The mechanism is simple, each project independently derives a hash from stable inputs: 该机制很简单,每个项目根据稳定的输入独立导出一个哈希值:
- A unique
project_id(唯一的项目 ID) - The fully qualified package name (完整的包名)
- The semver package version (语义化版本号)
- The artifact digest (制品摘要)
The hash is then mapped onto a rollout window; my example code uses (14 days) * sqrt(h) so that the release curve is biased toward earlier adoption while still leaving a long tail for detection. This results in globally distributed and effectively random adoption without any registry coordination.
然后将该哈希值映射到发布窗口中;我的示例代码使用了 (14 days) * sqrt(h),这样发布曲线会偏向于早期采用,同时仍留有较长的尾部以便进行检测。这实现了全球分布且有效的随机采用,无需任何注册中心的协调。
As a worked example, suppose two applications both depend on axios@1.14.1. One installs it after 4 hours, another after 5 days, and everyone has it after 14 days. The malicious release spreads through a random global subset first instead of following the sun.
举个例子,假设两个应用程序都依赖 axios@1.14.1。一个在 4 小时后安装,另一个在 5 天后安装,所有人都在 14 天后完成安装。恶意版本会先在随机的全球子集中传播,而不是遵循“随太阳升起”的地理顺序。

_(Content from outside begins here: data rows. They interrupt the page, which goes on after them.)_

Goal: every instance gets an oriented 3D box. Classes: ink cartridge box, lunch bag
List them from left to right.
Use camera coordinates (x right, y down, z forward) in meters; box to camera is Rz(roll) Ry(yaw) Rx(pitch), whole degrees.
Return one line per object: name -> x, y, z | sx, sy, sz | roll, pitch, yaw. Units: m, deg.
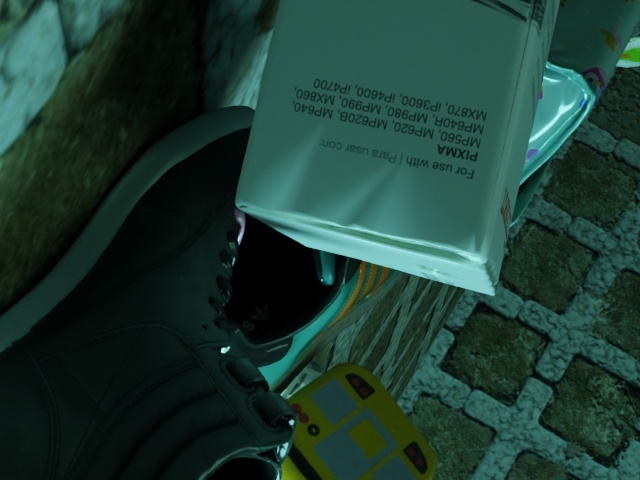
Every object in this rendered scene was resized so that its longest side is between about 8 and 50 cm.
ink cartridge box -> 0.057, -0.121, 0.687 | 0.197, 0.114, 0.272 | 33, 69, -80
lunch bag -> 0.140, -0.123, 1.188 | 0.262, 0.160, 0.223 | -54, 180, 42

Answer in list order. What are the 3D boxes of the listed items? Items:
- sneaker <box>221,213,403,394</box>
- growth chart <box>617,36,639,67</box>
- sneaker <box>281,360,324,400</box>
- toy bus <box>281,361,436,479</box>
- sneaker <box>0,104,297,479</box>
sneaker -> 0.000, 0.000, 0.963 | 0.302, 0.108, 0.121 | -51, 171, -37
growth chart -> 0.286, -0.201, 1.596 | 0.172, 0.237, 0.021 | 6, 79, -75
sneaker -> -0.043, 0.106, 1.093 | 0.087, 0.092, 0.229 | -59, 169, 0
toy bus -> -0.054, 0.219, 1.049 | 0.130, 0.108, 0.332 | -33, 169, -37
sneaker -> -0.062, 0.051, 0.693 | 0.295, 0.147, 0.104 | -53, 166, -42
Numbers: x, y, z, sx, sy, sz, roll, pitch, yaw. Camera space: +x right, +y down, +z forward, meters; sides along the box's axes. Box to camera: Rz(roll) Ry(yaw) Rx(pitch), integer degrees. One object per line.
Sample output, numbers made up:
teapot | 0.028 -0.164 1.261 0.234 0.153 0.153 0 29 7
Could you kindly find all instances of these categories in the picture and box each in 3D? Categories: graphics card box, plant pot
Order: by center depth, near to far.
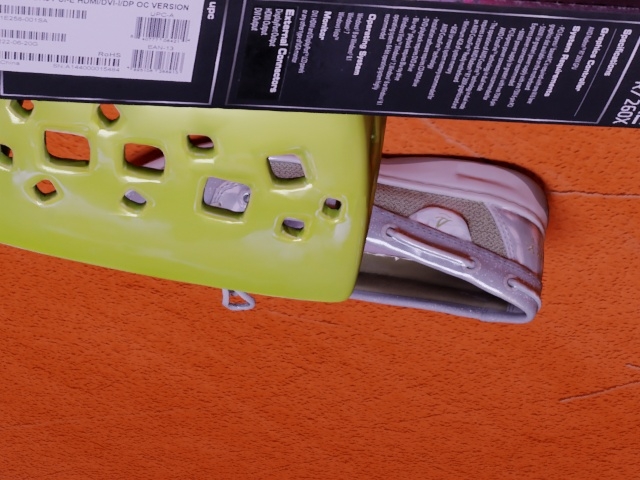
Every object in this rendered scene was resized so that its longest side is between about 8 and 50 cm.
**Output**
graphics card box | -0.009 -0.173 0.772 0.371 0.233 0.094 2 148 -8
plant pot | -0.062 -0.127 0.918 0.228 0.227 0.207 11 141 -5

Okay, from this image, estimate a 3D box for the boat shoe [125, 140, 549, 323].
boat shoe | 0.001 0.002 1.198 0.320 0.103 0.118 5 147 4

The tradeoff is slower convergence on newly published versions, especially for low-download packages. But cooldowns have the same tradeoff; phased rollouts just distribute it more fairly. It’s also important to note that this proposal deliberately changes when projects adopt artifacts, not which artifacts they resolve. Existing lockfile and reproducibility guarantees remain once a version is selected. And security fixes still warrant different rollout policies. 这种权衡带来的代价是新发布版本的收敛速度变慢,尤其是对于下载量较低的包。但冷却期也存在同样的权衡;分阶段发布只是让这种权衡更加公平。同样需要注意的是,该提案有意改变的是项目采用制品的时间,而不是它们解析的制品本身。一旦版本被选中,现有的锁文件(lockfile)和可重复性保证依然有效。此外,安全修复程序仍然可以采用不同的发布策略。
What comes next
未来展望
I thought of ways to overcomplicate this idea. Public attestation logs for canary reports? Cohort-aware tooling? Cross-ecosystem hash conventions? All cool, but I don’t want to takeaway from the heroic efforts spent on even better mitigations like: 我曾想过如何让这个想法变得过于复杂。比如金丝雀报告的公共证明日志?感知群体的工具?跨生态系统的哈希约定?这些都很棒,但我不想削弱那些在更好缓解措施上所做的英勇努力,例如:
- Capability sandboxing (能力沙箱)
- SBOMs (软件物料清单)
- Runtime monitoring (运行时监控)
- Reading diffs (阅读代码差异)
In summary, cooldowns reduce risk, but they don’t remove the fact that someone still has to go first. Other parts of the industry learned to use phased rollouts. Package ecosystems should learn the same lesson. 总之,冷却期降低了风险,但无法改变“总有人必须先安装”的事实。行业中的其他领域已经学会了使用分阶段发布,包生态系统也应该吸取同样的教训。